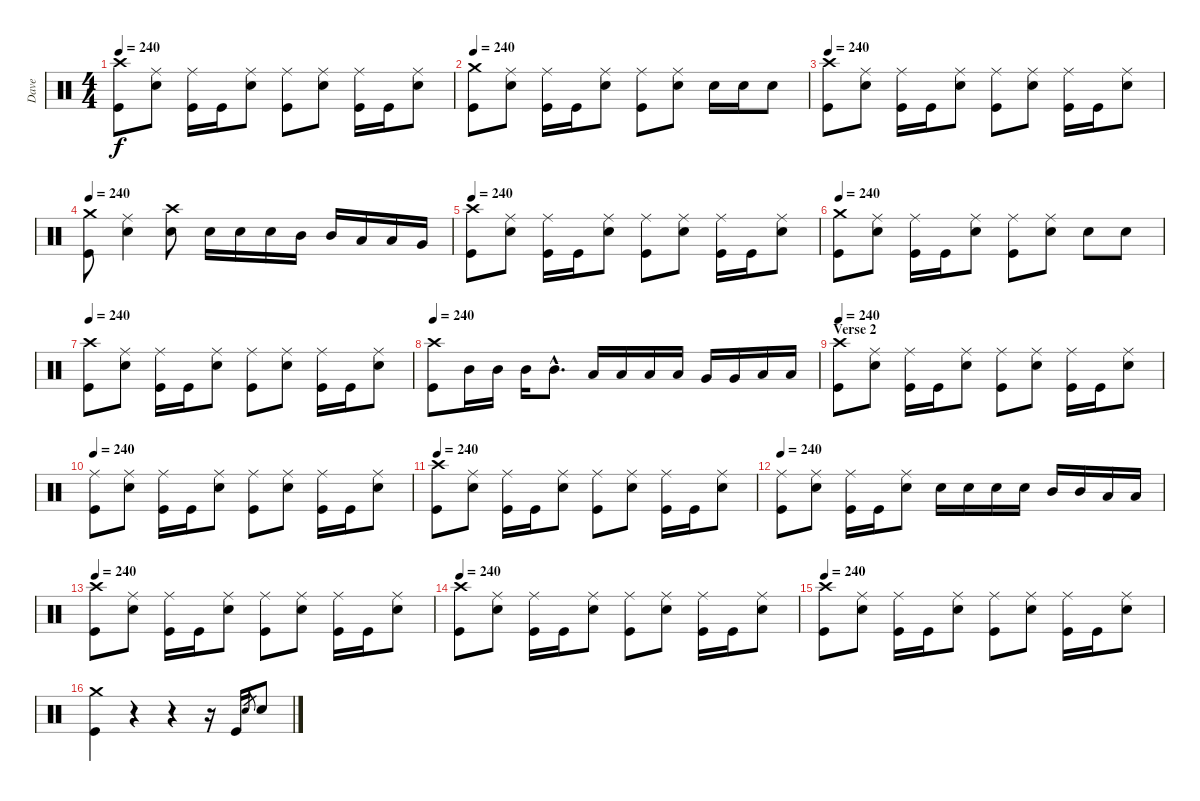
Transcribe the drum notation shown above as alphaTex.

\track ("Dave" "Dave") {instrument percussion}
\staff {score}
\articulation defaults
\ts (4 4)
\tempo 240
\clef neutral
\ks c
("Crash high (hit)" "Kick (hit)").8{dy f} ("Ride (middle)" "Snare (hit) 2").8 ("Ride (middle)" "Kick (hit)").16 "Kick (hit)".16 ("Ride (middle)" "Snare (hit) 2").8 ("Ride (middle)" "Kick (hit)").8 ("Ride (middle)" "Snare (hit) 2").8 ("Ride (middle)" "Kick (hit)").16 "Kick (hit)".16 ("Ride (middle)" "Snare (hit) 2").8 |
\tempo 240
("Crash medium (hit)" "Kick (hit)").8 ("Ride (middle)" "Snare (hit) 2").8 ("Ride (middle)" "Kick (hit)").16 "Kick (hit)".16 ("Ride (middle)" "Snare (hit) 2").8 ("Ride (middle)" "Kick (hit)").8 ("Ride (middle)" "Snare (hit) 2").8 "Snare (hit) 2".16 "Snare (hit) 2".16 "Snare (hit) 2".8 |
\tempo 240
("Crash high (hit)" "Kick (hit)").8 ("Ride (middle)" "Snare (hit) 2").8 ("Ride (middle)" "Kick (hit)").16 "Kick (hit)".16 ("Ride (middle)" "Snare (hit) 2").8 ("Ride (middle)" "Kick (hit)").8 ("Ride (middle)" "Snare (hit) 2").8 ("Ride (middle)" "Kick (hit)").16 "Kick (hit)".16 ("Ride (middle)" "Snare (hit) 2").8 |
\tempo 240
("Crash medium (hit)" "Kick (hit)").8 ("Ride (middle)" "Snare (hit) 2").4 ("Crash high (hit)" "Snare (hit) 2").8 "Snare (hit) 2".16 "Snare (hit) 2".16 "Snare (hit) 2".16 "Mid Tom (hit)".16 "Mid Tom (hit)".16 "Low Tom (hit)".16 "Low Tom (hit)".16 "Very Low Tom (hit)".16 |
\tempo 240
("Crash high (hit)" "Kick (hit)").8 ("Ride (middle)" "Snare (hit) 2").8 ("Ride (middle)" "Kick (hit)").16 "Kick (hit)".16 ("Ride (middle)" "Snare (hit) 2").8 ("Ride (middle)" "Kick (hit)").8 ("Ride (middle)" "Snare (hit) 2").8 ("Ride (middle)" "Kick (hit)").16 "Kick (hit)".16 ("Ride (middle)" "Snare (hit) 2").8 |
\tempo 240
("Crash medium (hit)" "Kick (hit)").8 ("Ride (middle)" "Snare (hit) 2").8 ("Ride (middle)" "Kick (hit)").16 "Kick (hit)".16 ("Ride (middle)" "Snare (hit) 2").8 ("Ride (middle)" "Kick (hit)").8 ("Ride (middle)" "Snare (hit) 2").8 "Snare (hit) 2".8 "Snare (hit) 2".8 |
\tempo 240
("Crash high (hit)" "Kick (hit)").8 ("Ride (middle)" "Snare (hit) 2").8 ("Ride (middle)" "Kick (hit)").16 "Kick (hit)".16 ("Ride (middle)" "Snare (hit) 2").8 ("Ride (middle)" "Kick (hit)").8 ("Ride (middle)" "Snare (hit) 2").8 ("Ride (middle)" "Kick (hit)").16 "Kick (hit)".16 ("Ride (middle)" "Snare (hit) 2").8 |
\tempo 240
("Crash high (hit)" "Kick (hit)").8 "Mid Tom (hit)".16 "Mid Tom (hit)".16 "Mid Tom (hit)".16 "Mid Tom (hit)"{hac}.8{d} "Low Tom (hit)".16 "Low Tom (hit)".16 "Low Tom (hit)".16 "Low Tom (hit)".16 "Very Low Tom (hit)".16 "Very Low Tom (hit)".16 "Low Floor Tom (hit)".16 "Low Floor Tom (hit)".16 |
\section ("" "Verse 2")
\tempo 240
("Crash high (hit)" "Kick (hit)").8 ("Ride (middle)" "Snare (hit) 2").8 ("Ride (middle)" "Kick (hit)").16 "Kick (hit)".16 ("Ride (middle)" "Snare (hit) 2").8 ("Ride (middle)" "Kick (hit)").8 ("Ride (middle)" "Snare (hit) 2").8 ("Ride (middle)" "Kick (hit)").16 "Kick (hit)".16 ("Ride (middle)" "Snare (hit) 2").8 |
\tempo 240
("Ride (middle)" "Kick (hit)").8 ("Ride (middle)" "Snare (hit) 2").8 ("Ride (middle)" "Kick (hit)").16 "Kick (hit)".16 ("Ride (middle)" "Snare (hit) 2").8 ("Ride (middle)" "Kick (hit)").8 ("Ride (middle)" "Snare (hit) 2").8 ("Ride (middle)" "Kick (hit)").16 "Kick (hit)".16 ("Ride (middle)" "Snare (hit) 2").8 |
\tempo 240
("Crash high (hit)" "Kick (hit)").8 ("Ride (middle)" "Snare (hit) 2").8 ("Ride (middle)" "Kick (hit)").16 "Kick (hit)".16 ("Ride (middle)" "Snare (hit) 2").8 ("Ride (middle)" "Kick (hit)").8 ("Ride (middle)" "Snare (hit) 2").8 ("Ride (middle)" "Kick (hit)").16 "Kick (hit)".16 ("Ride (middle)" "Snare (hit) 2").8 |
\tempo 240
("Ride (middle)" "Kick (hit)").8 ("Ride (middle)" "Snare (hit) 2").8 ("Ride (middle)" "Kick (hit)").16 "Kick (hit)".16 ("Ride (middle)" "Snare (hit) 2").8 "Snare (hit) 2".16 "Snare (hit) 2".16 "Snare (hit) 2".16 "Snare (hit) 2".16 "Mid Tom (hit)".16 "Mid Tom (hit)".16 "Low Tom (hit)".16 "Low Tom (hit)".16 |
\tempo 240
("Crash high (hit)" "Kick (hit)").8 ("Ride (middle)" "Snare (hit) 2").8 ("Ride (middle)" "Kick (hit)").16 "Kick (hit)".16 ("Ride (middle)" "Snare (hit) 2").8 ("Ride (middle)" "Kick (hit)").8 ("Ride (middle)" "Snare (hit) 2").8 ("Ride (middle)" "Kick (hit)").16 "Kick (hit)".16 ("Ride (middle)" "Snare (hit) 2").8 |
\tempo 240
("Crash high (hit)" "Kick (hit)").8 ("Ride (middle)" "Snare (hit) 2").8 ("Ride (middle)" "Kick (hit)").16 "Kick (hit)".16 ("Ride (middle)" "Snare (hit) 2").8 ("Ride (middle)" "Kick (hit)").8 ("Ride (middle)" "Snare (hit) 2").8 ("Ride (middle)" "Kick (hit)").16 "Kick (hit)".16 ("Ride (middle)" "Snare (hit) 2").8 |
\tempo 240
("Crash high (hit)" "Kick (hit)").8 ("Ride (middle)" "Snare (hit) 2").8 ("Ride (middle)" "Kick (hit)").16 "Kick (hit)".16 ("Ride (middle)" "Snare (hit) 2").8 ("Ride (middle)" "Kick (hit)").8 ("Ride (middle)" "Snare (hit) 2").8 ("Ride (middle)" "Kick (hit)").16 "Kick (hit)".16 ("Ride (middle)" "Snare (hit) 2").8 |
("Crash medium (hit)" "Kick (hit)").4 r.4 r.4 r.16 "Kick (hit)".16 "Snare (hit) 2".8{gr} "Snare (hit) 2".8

- - -

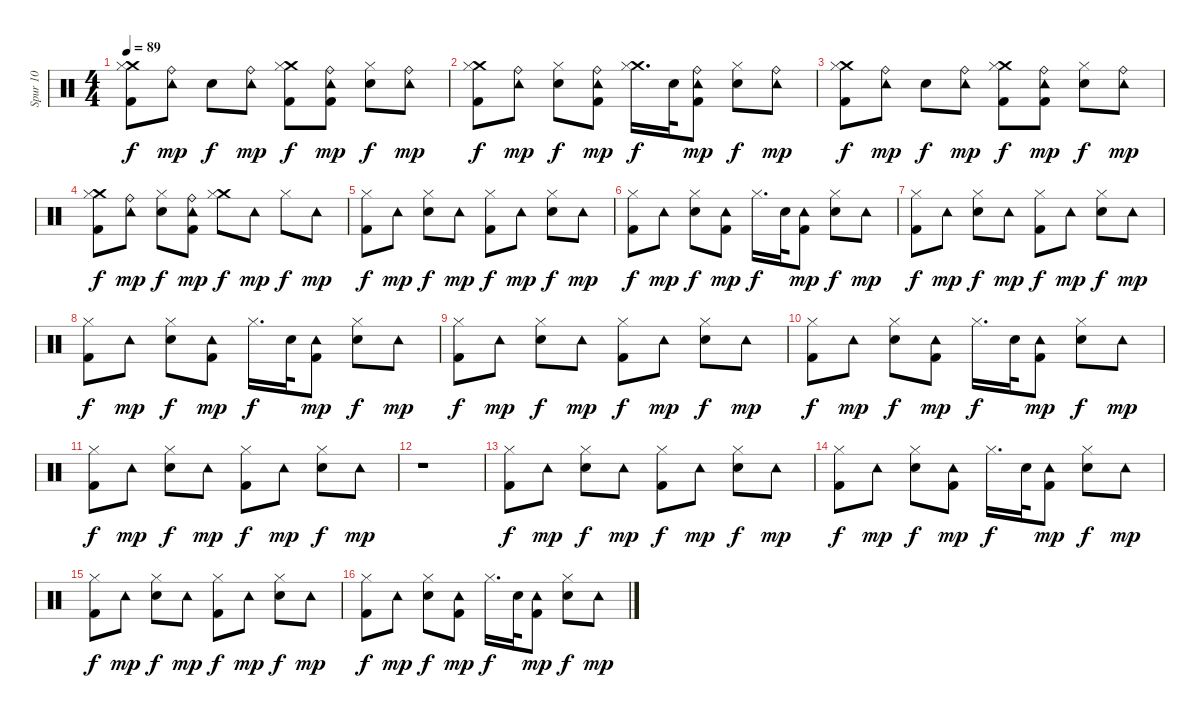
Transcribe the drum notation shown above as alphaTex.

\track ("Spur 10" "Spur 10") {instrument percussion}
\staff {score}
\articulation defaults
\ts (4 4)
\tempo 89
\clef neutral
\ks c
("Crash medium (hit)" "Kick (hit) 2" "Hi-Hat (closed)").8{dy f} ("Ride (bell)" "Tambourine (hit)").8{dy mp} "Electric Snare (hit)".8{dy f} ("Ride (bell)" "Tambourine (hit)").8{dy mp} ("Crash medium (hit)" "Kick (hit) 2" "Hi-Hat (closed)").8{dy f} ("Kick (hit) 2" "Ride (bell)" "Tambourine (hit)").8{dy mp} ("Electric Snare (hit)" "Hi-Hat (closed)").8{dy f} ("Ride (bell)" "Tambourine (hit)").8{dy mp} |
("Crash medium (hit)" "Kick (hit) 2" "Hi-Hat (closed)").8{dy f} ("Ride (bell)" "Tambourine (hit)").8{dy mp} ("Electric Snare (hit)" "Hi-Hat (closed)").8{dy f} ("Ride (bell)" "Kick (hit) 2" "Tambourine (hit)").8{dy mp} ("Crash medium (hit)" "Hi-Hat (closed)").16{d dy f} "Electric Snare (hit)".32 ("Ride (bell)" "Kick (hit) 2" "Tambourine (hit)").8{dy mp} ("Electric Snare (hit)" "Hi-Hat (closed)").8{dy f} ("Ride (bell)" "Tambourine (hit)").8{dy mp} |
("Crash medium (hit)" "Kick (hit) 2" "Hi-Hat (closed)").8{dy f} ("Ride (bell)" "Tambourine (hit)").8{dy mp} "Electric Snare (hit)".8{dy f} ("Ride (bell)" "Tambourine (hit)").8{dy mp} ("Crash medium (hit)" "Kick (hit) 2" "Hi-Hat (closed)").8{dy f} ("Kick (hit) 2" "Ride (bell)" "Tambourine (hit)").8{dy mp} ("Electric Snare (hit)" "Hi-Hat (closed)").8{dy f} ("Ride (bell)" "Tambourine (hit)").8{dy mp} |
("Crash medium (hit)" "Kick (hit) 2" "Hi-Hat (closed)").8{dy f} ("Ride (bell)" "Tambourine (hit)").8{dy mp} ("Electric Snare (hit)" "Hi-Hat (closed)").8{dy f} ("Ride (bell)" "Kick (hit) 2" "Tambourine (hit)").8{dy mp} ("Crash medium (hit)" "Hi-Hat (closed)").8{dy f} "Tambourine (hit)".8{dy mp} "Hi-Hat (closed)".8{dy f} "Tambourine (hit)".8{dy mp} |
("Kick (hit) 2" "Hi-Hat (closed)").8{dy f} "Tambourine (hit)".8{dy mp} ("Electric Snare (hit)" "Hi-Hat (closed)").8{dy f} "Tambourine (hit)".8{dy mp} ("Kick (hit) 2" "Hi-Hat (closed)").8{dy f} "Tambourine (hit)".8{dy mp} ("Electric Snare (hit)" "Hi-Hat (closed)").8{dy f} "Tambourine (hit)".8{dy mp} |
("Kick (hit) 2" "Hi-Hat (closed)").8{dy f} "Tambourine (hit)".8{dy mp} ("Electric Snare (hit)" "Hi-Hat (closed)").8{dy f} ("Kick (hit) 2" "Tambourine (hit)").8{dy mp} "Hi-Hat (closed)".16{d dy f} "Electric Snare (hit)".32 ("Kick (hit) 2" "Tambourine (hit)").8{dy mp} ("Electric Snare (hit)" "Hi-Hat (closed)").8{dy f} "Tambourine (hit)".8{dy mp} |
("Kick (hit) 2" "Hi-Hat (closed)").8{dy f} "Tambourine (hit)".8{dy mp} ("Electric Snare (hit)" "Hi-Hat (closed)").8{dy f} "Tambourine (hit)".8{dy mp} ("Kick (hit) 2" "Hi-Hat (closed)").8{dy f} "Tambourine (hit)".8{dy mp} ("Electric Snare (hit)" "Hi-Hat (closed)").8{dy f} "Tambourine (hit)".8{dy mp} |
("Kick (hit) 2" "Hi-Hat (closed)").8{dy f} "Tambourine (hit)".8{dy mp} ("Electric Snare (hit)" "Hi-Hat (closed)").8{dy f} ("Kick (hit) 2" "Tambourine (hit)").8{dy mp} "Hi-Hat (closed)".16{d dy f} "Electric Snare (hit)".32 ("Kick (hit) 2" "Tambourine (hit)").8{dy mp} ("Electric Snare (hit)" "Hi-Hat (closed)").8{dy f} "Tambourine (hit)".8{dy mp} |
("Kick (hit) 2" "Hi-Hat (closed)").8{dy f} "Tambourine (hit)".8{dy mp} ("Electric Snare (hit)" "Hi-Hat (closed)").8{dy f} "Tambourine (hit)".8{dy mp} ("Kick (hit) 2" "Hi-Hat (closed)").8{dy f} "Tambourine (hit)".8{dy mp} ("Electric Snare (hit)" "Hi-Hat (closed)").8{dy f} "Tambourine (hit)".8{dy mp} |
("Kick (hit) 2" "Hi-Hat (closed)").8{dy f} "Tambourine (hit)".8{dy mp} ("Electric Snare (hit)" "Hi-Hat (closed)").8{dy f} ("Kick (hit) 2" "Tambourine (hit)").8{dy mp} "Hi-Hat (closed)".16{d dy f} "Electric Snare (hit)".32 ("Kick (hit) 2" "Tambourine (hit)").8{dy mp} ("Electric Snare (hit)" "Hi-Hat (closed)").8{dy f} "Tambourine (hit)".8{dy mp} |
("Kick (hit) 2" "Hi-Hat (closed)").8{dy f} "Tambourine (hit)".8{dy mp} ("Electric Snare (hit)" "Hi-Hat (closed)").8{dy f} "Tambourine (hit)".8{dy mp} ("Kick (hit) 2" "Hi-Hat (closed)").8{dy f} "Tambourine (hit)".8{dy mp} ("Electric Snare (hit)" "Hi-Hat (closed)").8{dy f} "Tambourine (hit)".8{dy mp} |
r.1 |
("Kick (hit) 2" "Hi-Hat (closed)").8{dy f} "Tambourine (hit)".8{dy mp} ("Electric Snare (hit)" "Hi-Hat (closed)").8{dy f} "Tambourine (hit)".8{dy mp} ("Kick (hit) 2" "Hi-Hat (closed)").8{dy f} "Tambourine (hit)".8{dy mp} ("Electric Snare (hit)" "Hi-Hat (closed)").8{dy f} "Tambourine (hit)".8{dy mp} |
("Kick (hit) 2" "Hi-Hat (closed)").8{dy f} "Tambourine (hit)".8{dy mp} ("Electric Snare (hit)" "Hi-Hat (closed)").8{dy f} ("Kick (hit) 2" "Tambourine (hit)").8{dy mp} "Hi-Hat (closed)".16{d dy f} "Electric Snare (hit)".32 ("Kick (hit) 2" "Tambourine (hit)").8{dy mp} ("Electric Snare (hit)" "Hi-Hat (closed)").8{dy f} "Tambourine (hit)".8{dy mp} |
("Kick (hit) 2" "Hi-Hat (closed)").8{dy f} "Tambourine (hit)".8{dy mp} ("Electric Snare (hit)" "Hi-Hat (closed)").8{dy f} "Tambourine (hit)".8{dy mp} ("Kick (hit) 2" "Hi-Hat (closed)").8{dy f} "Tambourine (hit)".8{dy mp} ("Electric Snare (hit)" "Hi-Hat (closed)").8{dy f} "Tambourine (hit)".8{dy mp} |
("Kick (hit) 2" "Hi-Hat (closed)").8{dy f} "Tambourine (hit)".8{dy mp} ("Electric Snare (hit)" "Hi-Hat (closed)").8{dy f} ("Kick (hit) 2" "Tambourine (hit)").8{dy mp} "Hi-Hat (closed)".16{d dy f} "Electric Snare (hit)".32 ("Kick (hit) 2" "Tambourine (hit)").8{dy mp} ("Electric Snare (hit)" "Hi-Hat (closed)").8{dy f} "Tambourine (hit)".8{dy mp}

- - -

-- Problem to work on --
In the listing, find all lines with the string "percussion" and copy them.

-- Solution to this task --
\track ("Dave" "Dave") {instrument percussion}
\track ("Spur 10" "Spur 10") {instrument percussion}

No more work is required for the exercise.